Penn Vet to help clear area shelters with mega-adoption event
Summer is often equated with relaxation and a slower pace. But for animal shelters, the long days of summer can be the most stressful of the year.
“The numbers are overwhelming,” says Brittany Watson, director of shelter medicine and community engagement at the School of Veterinary Medicine. “You have cats reproducing, kittens that need intensive amounts of care, foster families to train, and surrenders from people going away for the summer. A large municipal shelter might be taking in 70, 80, 90 cats a day during the summer, in addition to many dogs.”
To help alleviate the burden and place as many animals as possible in “forever homes,” Penn Vet is joining an effort organized by NBC10 and Telemundo62 to co-sponsor the “Clear the Shelters” event on Saturday, July 23, at more than 30 Philadelphia-area animal shelters. Adoption fees will be waived for all pets adopted during the initiative. In 2015, Clear the Shelters resulted in more than 1,000 pet adoptions in the Philadelphia area.
On the day of the event, veterinarians and veterinary students from Penn’s Shelter Medicine program will attend the event at a couple of participating locations to answer questions and provide hand-outs on such topics as vaccination schedules, the importance of visiting a veterinarian, and how to prepare to bring a pet home.
Watson urges those interested in adopting a pet to honestly consider their lifestyle when deciding what type of pet they want.
“For some people, a dog is a better fit, and for some it’s a cat,” she says. “It’s always exciting to get a new puppy, but it’s also overwhelming. Older dogs, which are more established in their personalities and activity levels, might be better choices for some people.”
She also suggests coming to the shelter with a set of questions for the staff, who know the adoptable animals best.
“Everyone wants to make a great match so we can create a strong human-animal bond and make sure that pet stays in its home,” Watson says.

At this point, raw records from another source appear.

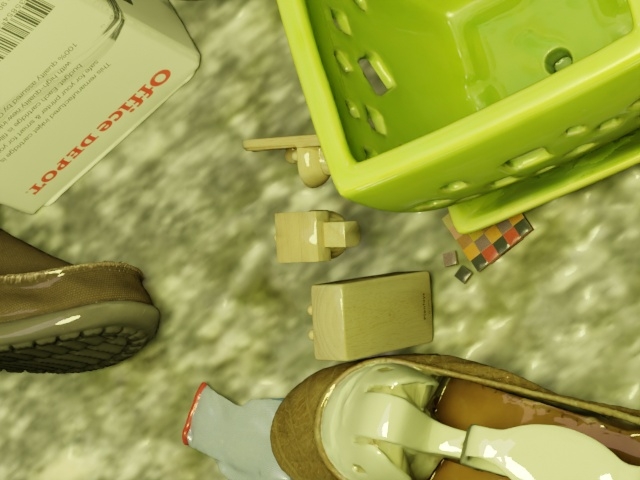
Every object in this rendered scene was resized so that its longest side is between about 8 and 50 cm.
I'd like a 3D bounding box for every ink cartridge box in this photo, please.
[{"bbox_3d":[-0.252,-0.148,1.336,0.198,0.273,0.115,-40,61,16],"label":"ink cartridge box"}]

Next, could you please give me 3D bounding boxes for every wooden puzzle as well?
[{"bbox_3d":[0.116,-0.011,1.253,0.083,0.006,0.049,-40,63,16],"label":"wooden puzzle"}]

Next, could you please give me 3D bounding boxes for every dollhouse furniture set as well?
[{"bbox_3d":[0.000,0.000,1.253,0.123,0.144,0.151,-2,93,34],"label":"dollhouse furniture set"}]

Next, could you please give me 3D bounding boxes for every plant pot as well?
[{"bbox_3d":[0.121,-0.141,1.158,0.227,0.207,0.228,-24,66,21],"label":"plant pot"}]

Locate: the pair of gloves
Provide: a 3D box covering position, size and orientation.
[{"bbox_3d":[-0.056,0.202,1.296,0.159,0.023,0.198,20,89,33],"label":"pair of gloves"}]

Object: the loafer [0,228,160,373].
[{"bbox_3d":[-0.287,0.032,1.396,0.365,0.134,0.130,-2,79,29],"label":"loafer"}]

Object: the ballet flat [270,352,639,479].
[{"bbox_3d":[0.102,0.134,1.151,0.342,0.124,0.116,12,81,27],"label":"ballet flat"}]
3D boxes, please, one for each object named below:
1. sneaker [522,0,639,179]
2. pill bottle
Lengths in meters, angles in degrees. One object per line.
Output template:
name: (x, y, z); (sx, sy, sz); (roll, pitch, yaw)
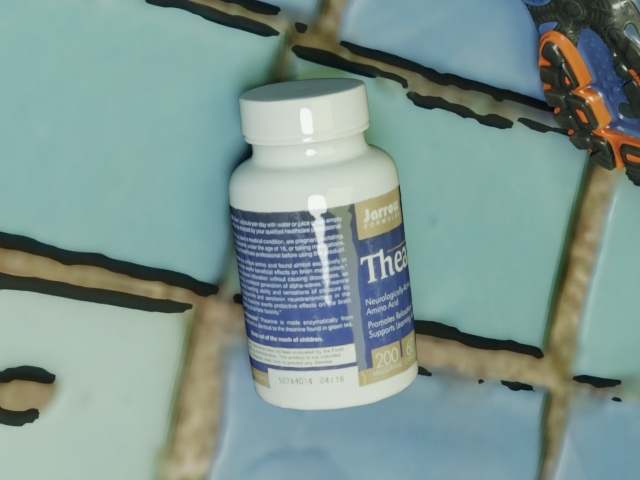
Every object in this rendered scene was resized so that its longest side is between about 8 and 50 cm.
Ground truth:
sneaker: (0.115, -0.132, 0.797); (0.087, 0.083, 0.221); (-51, 128, -34)
pill bottle: (0.000, 0.000, 0.732); (0.067, 0.067, 0.120); (-16, 106, -33)

In addition, while some people do not have the time, energy, or interest to adopt a pet, Watson says there are plenty of other ways to relieve the burden on animal shelters and help pets find a good home.
“If now is not the right time to adopt and you want to support the shelter, you can come and volunteer to walk dogs or play with them,” she says. “You can foster animals, which directly saves animals lives by freeing up space in the facility and by giving animals time to be adopted. Or you can donate to the shelter. All of these things are just as important as adopting.”